THE STUFF OF FANTASY
The music in Nashville is so good and plentiful that it's a pity a full, complete soundtrack album has never been released. You don't have to be a fan of country music to enjoy the witty and sometimes surprisingly beautiful songs that play wall-to-wall throughout the film (many of which were composed and performed by the film's cast). In fact, so much of country music seems knowingly self-parodying that it's hard to tell the songs that are gently poking fun at the genre (like the self-serving moralizing of Haven Hamilton's "For the Sake of the Children") from the ones that sound like they could be the genuine article (Barbara Jean's rousing [but technologically dated] "Tapedeck in his Tractor").
Troubled married duo, Mary (Cristina Raines) and Bill (Allan Nicholls) perform "Since You've Gone." a superb song composed by actor Gary Busey that never made it onto the Nashville soundtrack album.

THE STUFF OF DREAMS
When it comes to a film like Nashville, there can never be too much of a good thing. I can barely stand to dwell on the fact that some 16 hours of footage was originally shot and whittled down to 159 minutes. My only hope is that some company will make good on the long-promised DVD that will feature deleted scenes and omitted songs.

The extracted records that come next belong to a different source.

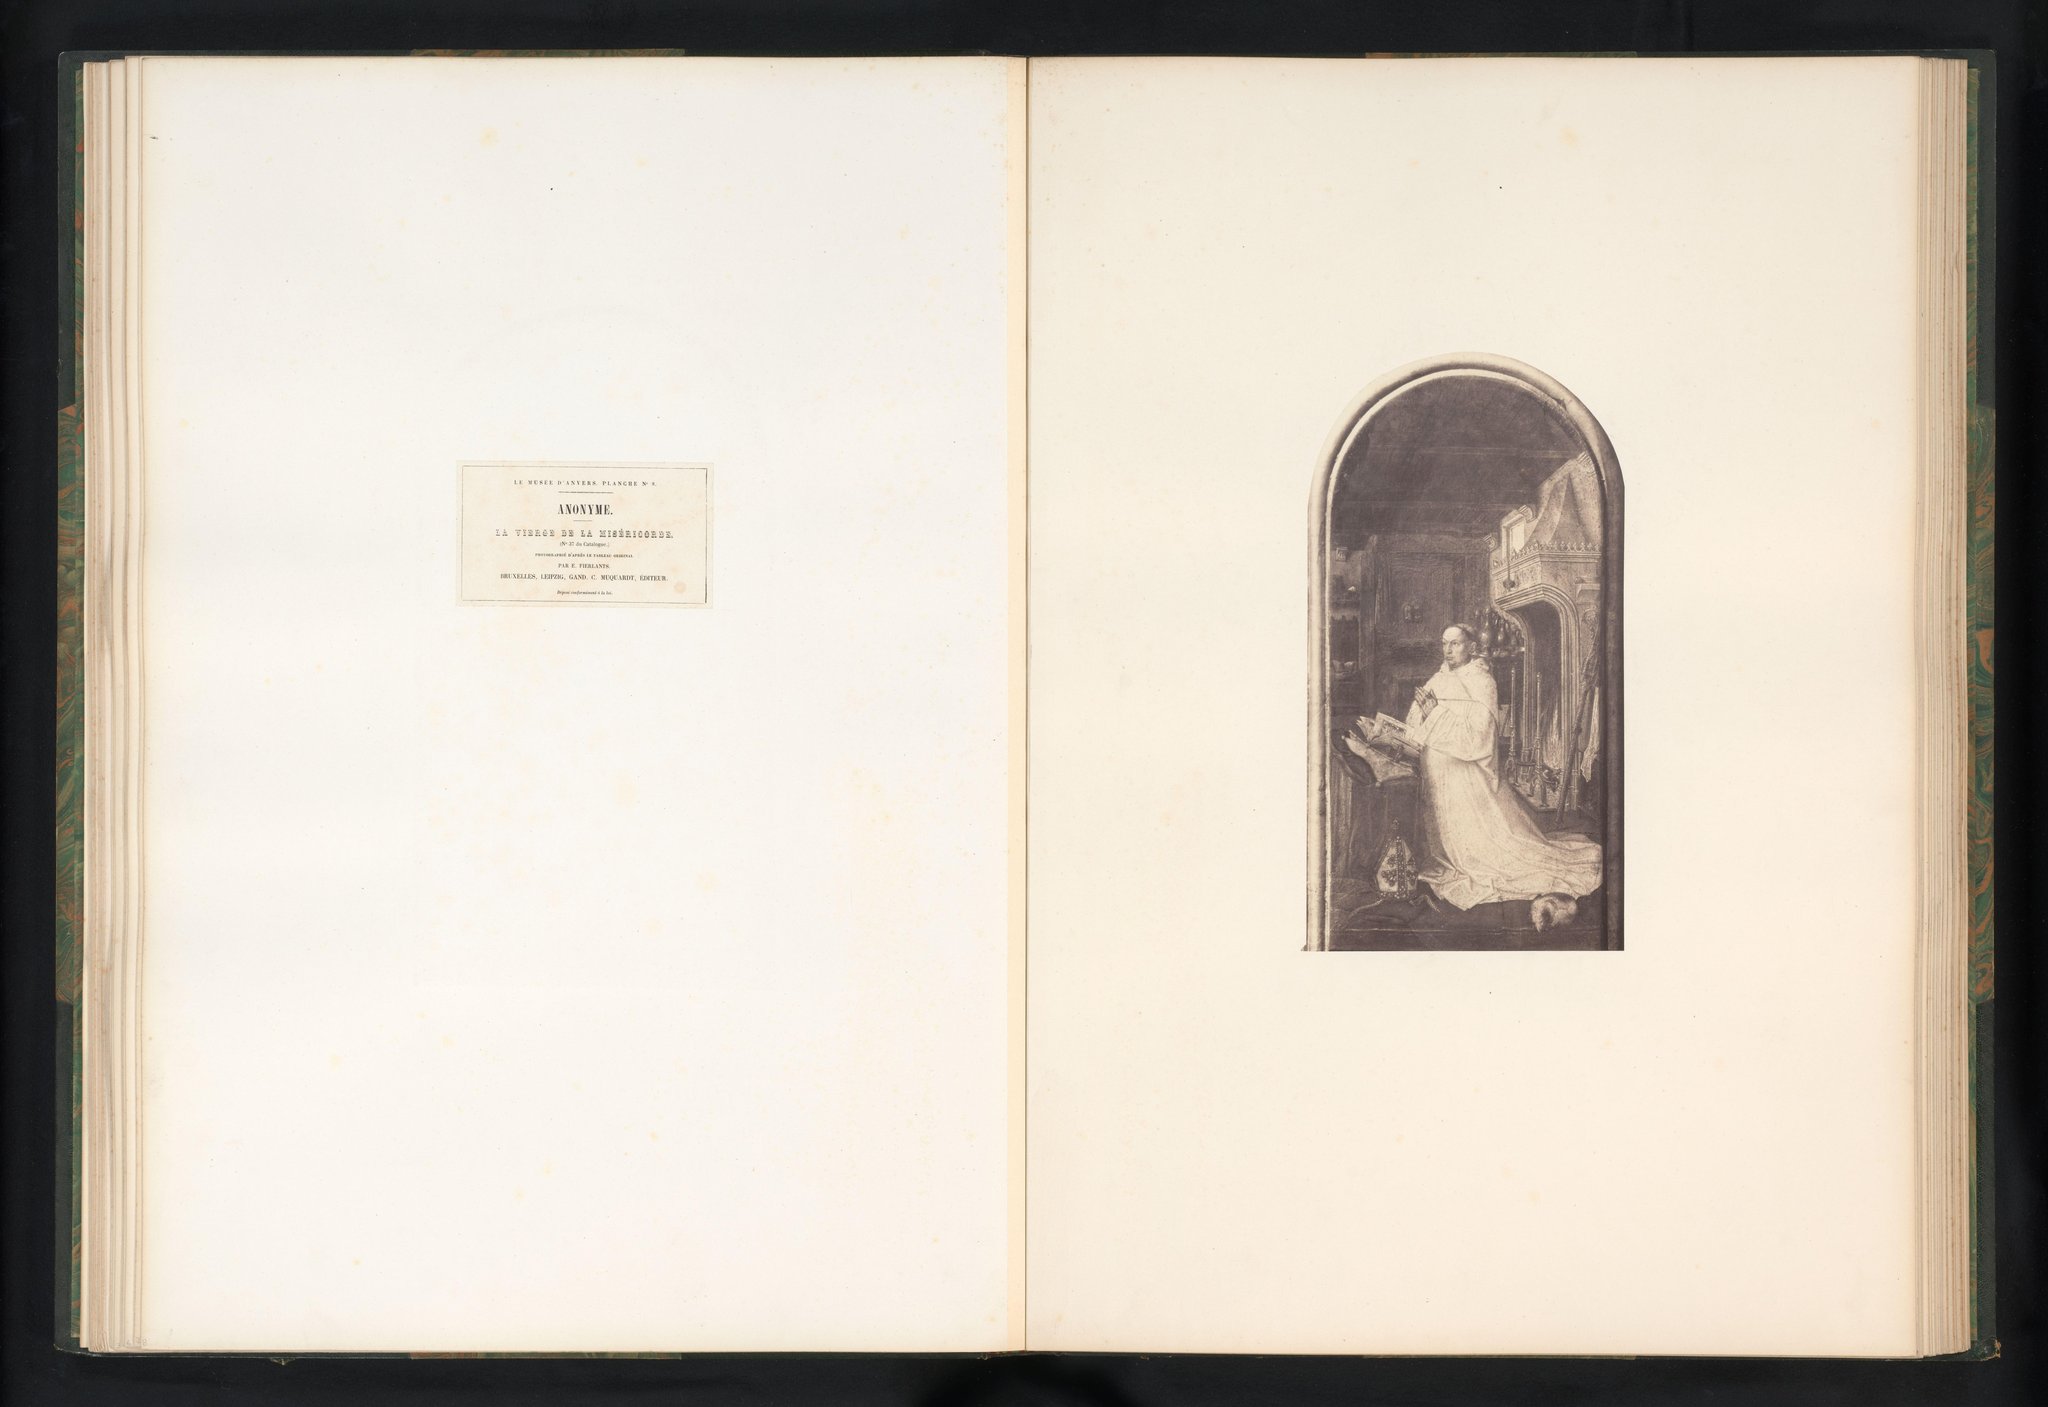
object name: photograph
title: Fotoreproductie van Christiaan de Hondt, abt van Ter Duinen
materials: photographic support
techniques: albumen print
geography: brussels
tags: monk(s), friar(s), one person praying

Opal, the easily distracted BBC journalist.
In a filmed sequence that didn't make it into the final cut, it was revealed that Opal is a fraud and was only posing as a journalist.
What I find fascinating about Nashville is that no matter to what degree the passage of time dates the fashions, furnishings, cars, and music, everything else about the film is disconcertingly up-to-date and of the moment.
I think it speaks well of the brilliance of everyone's work involved that you can extract any single character or situation and find a contemporary correlative. When I look at Nashville, it surprises me how much Altman's intimate style and respect for what is extraordinary in the ordinary person, anticipates today's fascination with reality TV. Similarly, the lure of pop stardom (Sueleen and Albuquerque) and the very American desire to re-invent oneself (Shelley Duvall's airheaded changeling, L.A. Joan, nee Martha) find their modern parallel in image-based celebrities like Lady Gaga and assembly-line superstar factories like "American Idol."

Without question, the most dispiriting evidence of Nashville's ahead-of-its-time/up-to-the-minute grasp of cultural zeitgeist is in its foreshadowing of an era where the line between celebrity and politics becomes inextricably blurred.  A time when the senselessness of assassination (a heinous but somehow socially assimilated atrocity due to its exclusive connection to political, religious, or ideological motives) spills over to include any public figure (John Lennon, tragically) so long as it serves to propel the assassin to worldwide notoriety. As we keep learning from TV and the Internet, each of us Americans has a God-given right to be famous. At any cost.
Haven- "This isn't Dallas! This is Nashville!"
As the political rally erupts in tragic violence, a wounded Haven Hamilton loses his toupee and his composure.
Nashville is a movie held in very high regard, yet it's one of those classic films that rarely airs on television. Which is odd, seeing how Altman's layered use of sound is tailor-made for today's advanced sound systems, and his eye for detail and full, busy frame compositions are perfect for all those super-sized  HDTVs. I sure would hate to think that this great film is so seldom screened because it just demands too much of our attention.


AUTOGRAPH FILES
I got these autographs from Tim (Keith Carradine) and Mary (Cristina Raines) back in 1979 when I was working at a Honda dealership in Los Angeles (hence the grease-stained paper given to Raines).